Возвращение в Россию — это путь из мира практической пользы в мир мифологемы.

Воплощение мифа восстанавливает сакральную составляющую существования и оживляет душу.

Литературоведы неоднократно отмечали автобиографические мотивы романа. Совпадают основные жизненные вехи героя и автора; Набоков-лирик раз за разом обращается к мечтам о героике:

Оцепенелого сознанья
коснется тиканье часов,
благополучного изгнанья
я снова чувствую покров.
Но сердце, как бы ты хотело,
чтоб это вправду было так:
Россия, звезды, ночь расстрела
и весь в черемухе овраг.

В другом стихотворении, которое посвящено видению собственной смерти, он перефразировал известные строки Николая Гумилева:

И умру я не в летней беседке
от обжорства и от жары,
а с небесною бабочкой в сетке
на вершине дикой горы.

В творчестве Сирина хорошо заметен «гумилевский след». Владимир Набоков называл Гумилева, который занимал в его юношеском пантеоне место рядом с Пушкиным, «русским поэтом-рыцарем». Однако основателя акмеизма действительно расстреляли — у него были ночь, звезды и Россия, куда он вернулся после революции, пока многие ее покидали. Поэтому можно предполагать, что история Мартына Эдельвейса перекликается с поступком Гумилева, который соединил литературу и жизнь в личном «пути конквистадора».

Что такое изгнание и подвиг у Набокова?

Тема изгнанничества у Набокова многослойна. С литературной точки зрения он был наследником символистов, которые, в свою очередь, вдохновлялись немецкими романтиками. Отсюда воспевание детства как духовной родины, золотого века, таинственной заповедной страны. Набоковский мимесис чувственности и воображения (то есть изображение ощущений и иллюзий) соотносится с «двоемирием» символистов: пространство потерянной родины и грез о неслучившемся куда интересней реальности. Даже деконструируя классические традиции и изобретая собственную поэтику, Набоков остается верен мифологеме странника в чуждом мире.

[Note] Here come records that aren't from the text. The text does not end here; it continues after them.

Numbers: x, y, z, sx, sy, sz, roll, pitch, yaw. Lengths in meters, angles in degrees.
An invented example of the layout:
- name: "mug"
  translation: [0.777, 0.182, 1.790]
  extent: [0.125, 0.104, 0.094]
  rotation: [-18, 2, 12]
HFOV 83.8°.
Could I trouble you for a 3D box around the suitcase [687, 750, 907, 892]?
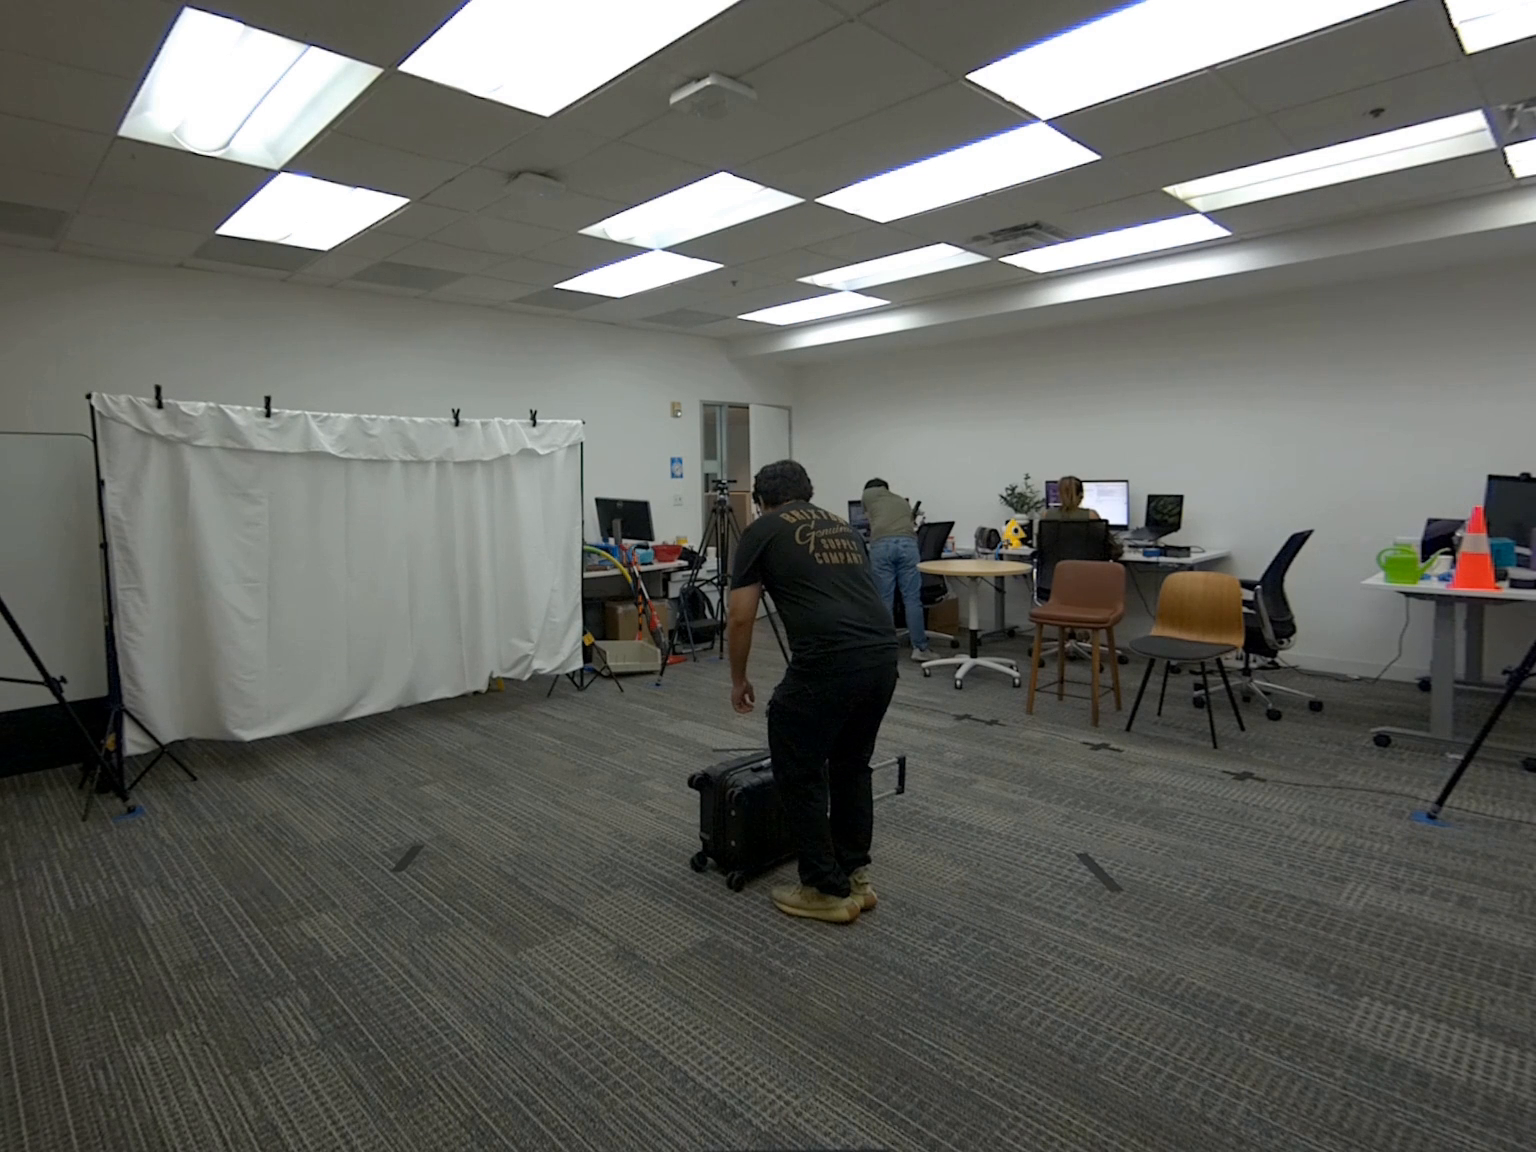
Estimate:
- name: "suitcase"
  translation: [0.137, 0.837, 3.298]
  extent: [0.952, 0.383, 0.265]
  rotation: [-6, 5, -44]

С социально-философской точки зрения драма русской эмиграции наложилась на общие для всего западного мира начала ХХ столетия проблемы: рост индустриализации, атомизация людей, разрушение универсальных ценностей.

В переломные эпохи человек всегда оказывается скитальцем в пустыне. А дальнейшие события века разбросали людей по планете еще сильнее.

Осовремененный вариант петляющей тропы, дитя индустриального века — железная дорога. Поезда занимают важное место в творчестве вечного путешественника Набокова:

Как часто, как часто я в поезде скором
сидел и дивился плывущим просторам.

Существует и более широкий бытийный горизонт: изгнание из рая на землю, бездомничество человека в странствии, которое называют жизнью. Странников вроде Мартына Эдельвейса мучает ощущение бессмысленности и томление.

Так что за дракон ждет героев Набокова в «благополучном изгнаньи»? Это духовная смерть, которая делает сознание «оцепенелым», метафизические омертвение. Этим Набоков со всей его игрой слов и форм отличается от писателей-постмодернистов: в его мире сохраняется тоска о забвении вечного истока души. Там, где все дороги заранее определены, мы теряем таинственную тропинку, которая ведет в неизвестность. Метафизическая смерть преодолевается через подвиг, опасный и бессмысленный перформанс для Того, кто, может быть, еще смотрит.

Подвиг здесь — это обретение самости через поступок.

Однако в произведениях Набокова этот процесс не завершен, мы расстаемся с героями в становлении. Их поступки неоднозначны и, возможно, не совершены на самом деле, будь то поход в «Подвиге» или фантасмагория во второй части «Лолиты». Персонажи мечтают отыскать тропу, которая приведет к чему-то триумфальному и подлинному, раз за разом гонятся за ускользающей бабочкой и теряются в пустоте.